# Afghan soldiers fire at Canadian convoy after Kandahar fender bender



## GAP (28 Dec 2010)

Afghan soldiers fire at Canadian convoy after Kandahar fender bender
By: Steve Rennie, The Canadian Press 28/12/2010
Article Link

ANDAHAR, Afghanistan - A small group of Afghan army soldiers shot at a Canadian convoy after a recent road accident outside Kandahar city, the military said Tuesday.

The Afghan troops were manning a checkpoint near the Dand district centre, southwest of the city, on Boxing Day when a re-supply convoy struck one of their vehicles.

The Canadians stopped to fill out paperwork and then started off down the road.

But the Afghan soldiers didn't want the Canadians to leave the scene and fired their weapons at the convoy and into the air.

The Canadian military says none of its soldiers were injured, nor did they return fire.

"(Task Force Kandahar) and 1-205 Corps ANA soldiers have been working extremely well together and this isolated incident does not reflect the close working relationship that both our organizations enjoy," Brig.-Gen.

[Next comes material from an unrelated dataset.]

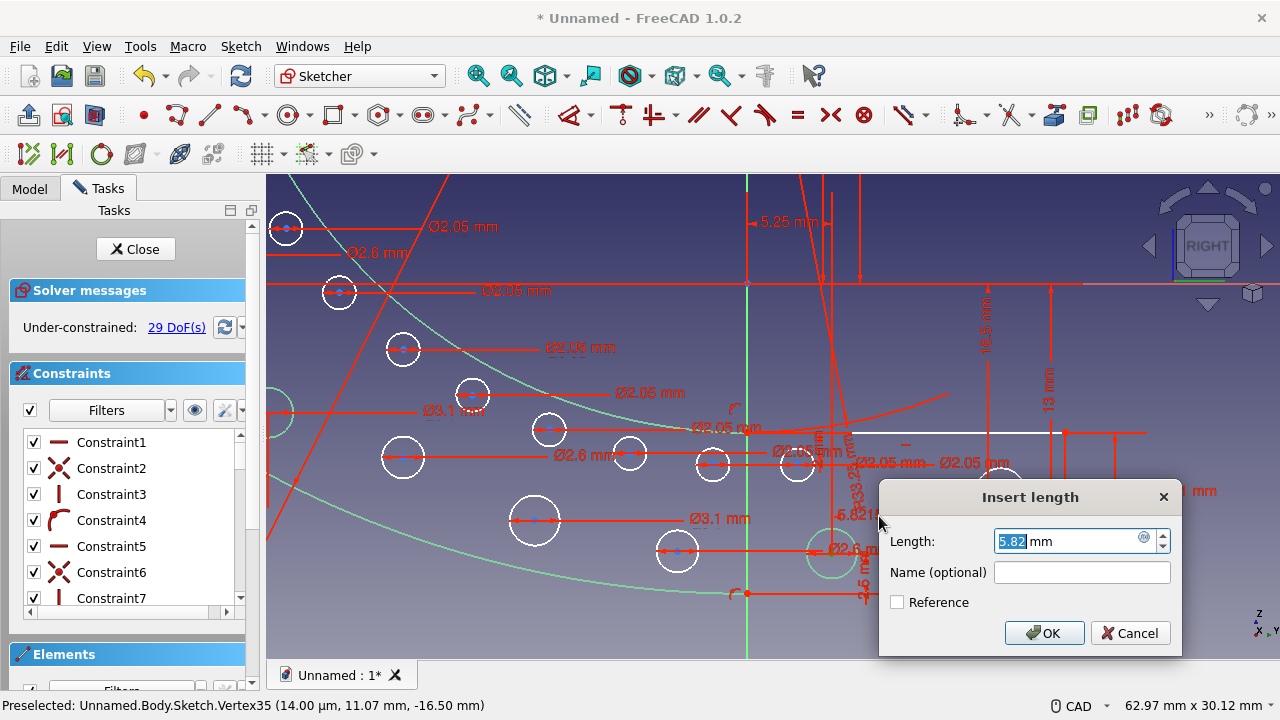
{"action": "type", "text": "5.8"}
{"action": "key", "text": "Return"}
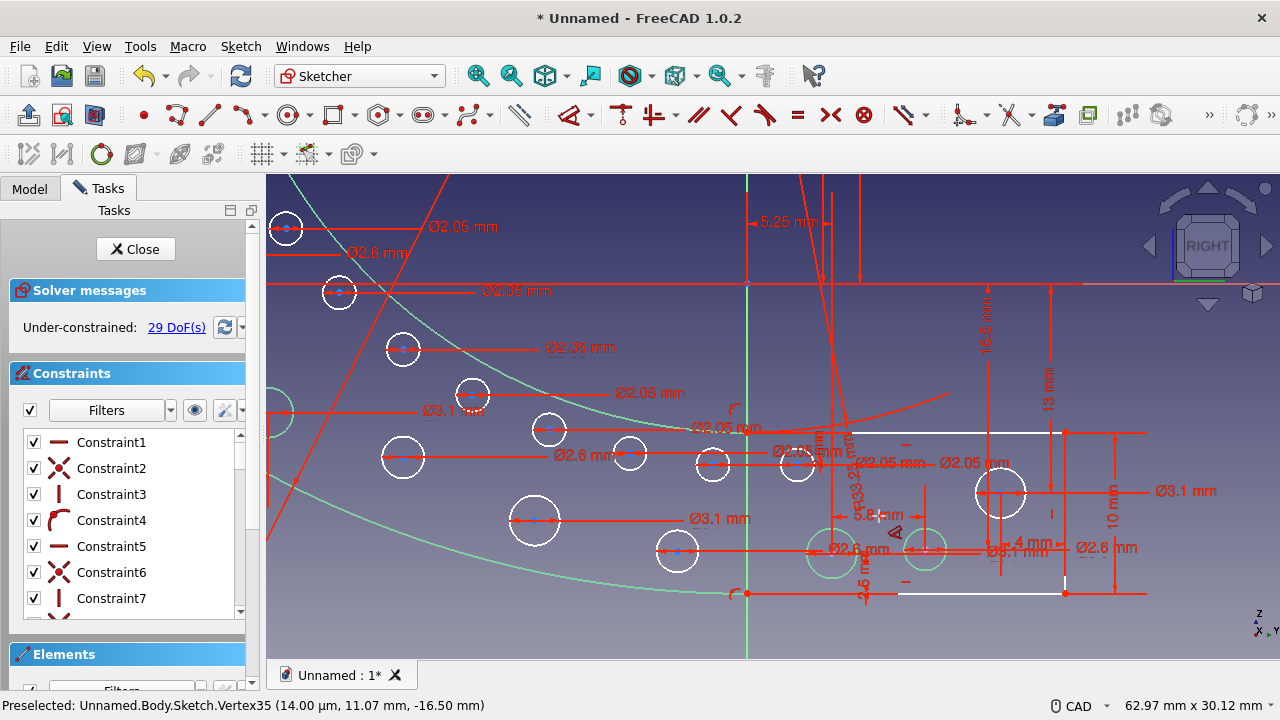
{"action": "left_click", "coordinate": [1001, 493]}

Dean Milner, the Canadian commander of troops in Kandahar, said in a statement.

"I work closely with Brig.-Gen. (Ahmad) Habibi each day and he has addressed the issue with his staff. I have complete confidence that once all the facts are gathered the appropriate actions will be taken."

The military says it is investigating the incident and the Afghan army plans to prosecute the troops involved.

Two Canadian journalists were kept at a distance Monday during a stop at the Dand district centre as Habibi, who commands the 1st Brigade of the Afghan Army's 205 Corps, dressed down his troops as Milner looked on.
More on link


----------



## jollyjacktar (29 Dec 2010)

Of the two groups at DDC during my stay, I was, until the evening of the VBIED more comfortable with the ANA vs the AUP.  Following the events of that night, I was never sure of what to be sure of again.  On the whole however, the ANA were by far the more professional of the two entities located there.


----------